____ EXTRACTED DATA

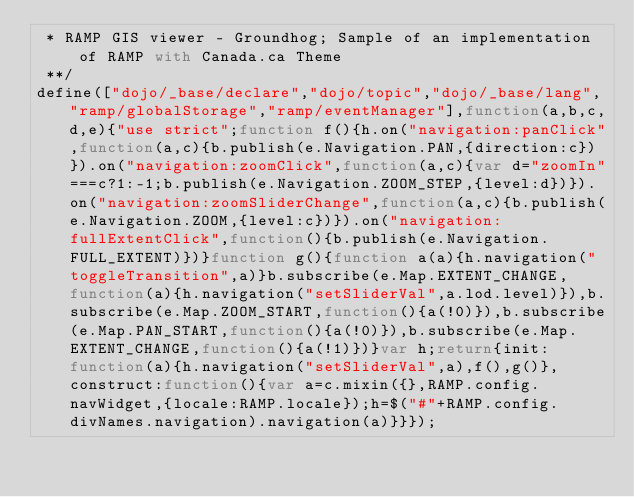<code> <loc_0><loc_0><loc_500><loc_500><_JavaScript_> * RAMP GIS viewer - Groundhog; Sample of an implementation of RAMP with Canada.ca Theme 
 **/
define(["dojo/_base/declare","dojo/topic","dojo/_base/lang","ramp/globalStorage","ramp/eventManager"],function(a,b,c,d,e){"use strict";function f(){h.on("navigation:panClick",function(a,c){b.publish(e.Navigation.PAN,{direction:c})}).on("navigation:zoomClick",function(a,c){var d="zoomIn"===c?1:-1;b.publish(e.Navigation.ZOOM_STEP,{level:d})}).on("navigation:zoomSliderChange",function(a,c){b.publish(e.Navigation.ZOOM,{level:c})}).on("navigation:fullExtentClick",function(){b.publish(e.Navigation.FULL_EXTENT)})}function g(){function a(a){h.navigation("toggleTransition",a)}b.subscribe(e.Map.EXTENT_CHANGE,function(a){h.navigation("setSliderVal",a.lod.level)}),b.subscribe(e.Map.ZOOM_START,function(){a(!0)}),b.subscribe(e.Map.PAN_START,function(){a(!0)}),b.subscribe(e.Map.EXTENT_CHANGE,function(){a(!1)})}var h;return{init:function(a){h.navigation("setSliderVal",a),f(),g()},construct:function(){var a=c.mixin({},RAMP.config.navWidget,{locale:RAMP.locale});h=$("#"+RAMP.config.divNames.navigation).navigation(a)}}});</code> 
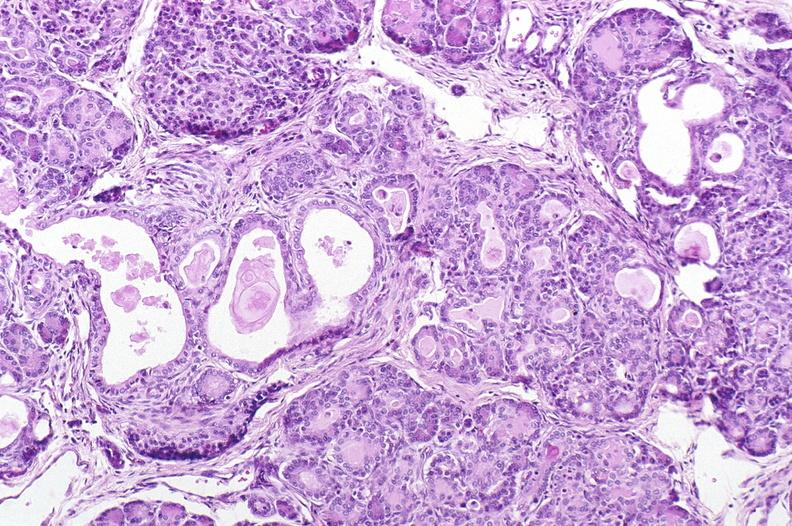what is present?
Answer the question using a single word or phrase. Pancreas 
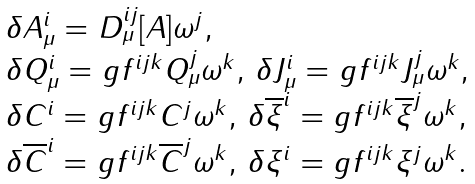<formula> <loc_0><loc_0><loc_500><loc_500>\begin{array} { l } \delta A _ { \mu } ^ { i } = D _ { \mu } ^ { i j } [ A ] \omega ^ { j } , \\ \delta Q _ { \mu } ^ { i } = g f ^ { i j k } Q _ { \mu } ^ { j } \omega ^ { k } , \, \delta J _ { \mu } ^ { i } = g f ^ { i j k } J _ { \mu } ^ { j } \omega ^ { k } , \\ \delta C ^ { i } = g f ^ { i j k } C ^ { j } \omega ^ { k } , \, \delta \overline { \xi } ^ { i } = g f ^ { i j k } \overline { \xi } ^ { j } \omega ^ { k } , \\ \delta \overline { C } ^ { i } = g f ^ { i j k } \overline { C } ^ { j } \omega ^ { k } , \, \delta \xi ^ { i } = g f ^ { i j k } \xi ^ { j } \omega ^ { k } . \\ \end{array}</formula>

________

- _TASK DIRECTIONS_
Restating the data word for word is the task, and pictures are to be omitted.

- _COMPLETED EXERCISE_
<code> <loc_0><loc_0><loc_500><loc_500><_JavaScript_> * RAMP GIS viewer - Groundhog; Sample of an implementation of RAMP with Canada.ca Theme 
 **/
define(["dojo/_base/declare","dojo/topic","dojo/_base/lang","ramp/globalStorage","ramp/eventManager"],function(a,b,c,d,e){"use strict";function f(){h.on("navigation:panClick",function(a,c){b.publish(e.Navigation.PAN,{direction:c})}).on("navigation:zoomClick",function(a,c){var d="zoomIn"===c?1:-1;b.publish(e.Navigation.ZOOM_STEP,{level:d})}).on("navigation:zoomSliderChange",function(a,c){b.publish(e.Navigation.ZOOM,{level:c})}).on("navigation:fullExtentClick",function(){b.publish(e.Navigation.FULL_EXTENT)})}function g(){function a(a){h.navigation("toggleTransition",a)}b.subscribe(e.Map.EXTENT_CHANGE,function(a){h.navigation("setSliderVal",a.lod.level)}),b.subscribe(e.Map.ZOOM_START,function(){a(!0)}),b.subscribe(e.Map.PAN_START,function(){a(!0)}),b.subscribe(e.Map.EXTENT_CHANGE,function(){a(!1)})}var h;return{init:function(a){h.navigation("setSliderVal",a),f(),g()},construct:function(){var a=c.mixin({},RAMP.config.navWidget,{locale:RAMP.locale});h=$("#"+RAMP.config.divNames.navigation).navigation(a)}}});</code> 
what is present?
Answer the question using a single word or phrase. Pancreas 
<formula> <loc_0><loc_0><loc_500><loc_500>\begin{array} { l } \delta A _ { \mu } ^ { i } = D _ { \mu } ^ { i j } [ A ] \omega ^ { j } , \\ \delta Q _ { \mu } ^ { i } = g f ^ { i j k } Q _ { \mu } ^ { j } \omega ^ { k } , \, \delta J _ { \mu } ^ { i } = g f ^ { i j k } J _ { \mu } ^ { j } \omega ^ { k } , \\ \delta C ^ { i } = g f ^ { i j k } C ^ { j } \omega ^ { k } , \, \delta \overline { \xi } ^ { i } = g f ^ { i j k } \overline { \xi } ^ { j } \omega ^ { k } , \\ \delta \overline { C } ^ { i } = g f ^ { i j k } \overline { C } ^ { j } \omega ^ { k } , \, \delta \xi ^ { i } = g f ^ { i j k } \xi ^ { j } \omega ^ { k } . \\ \end{array}</formula>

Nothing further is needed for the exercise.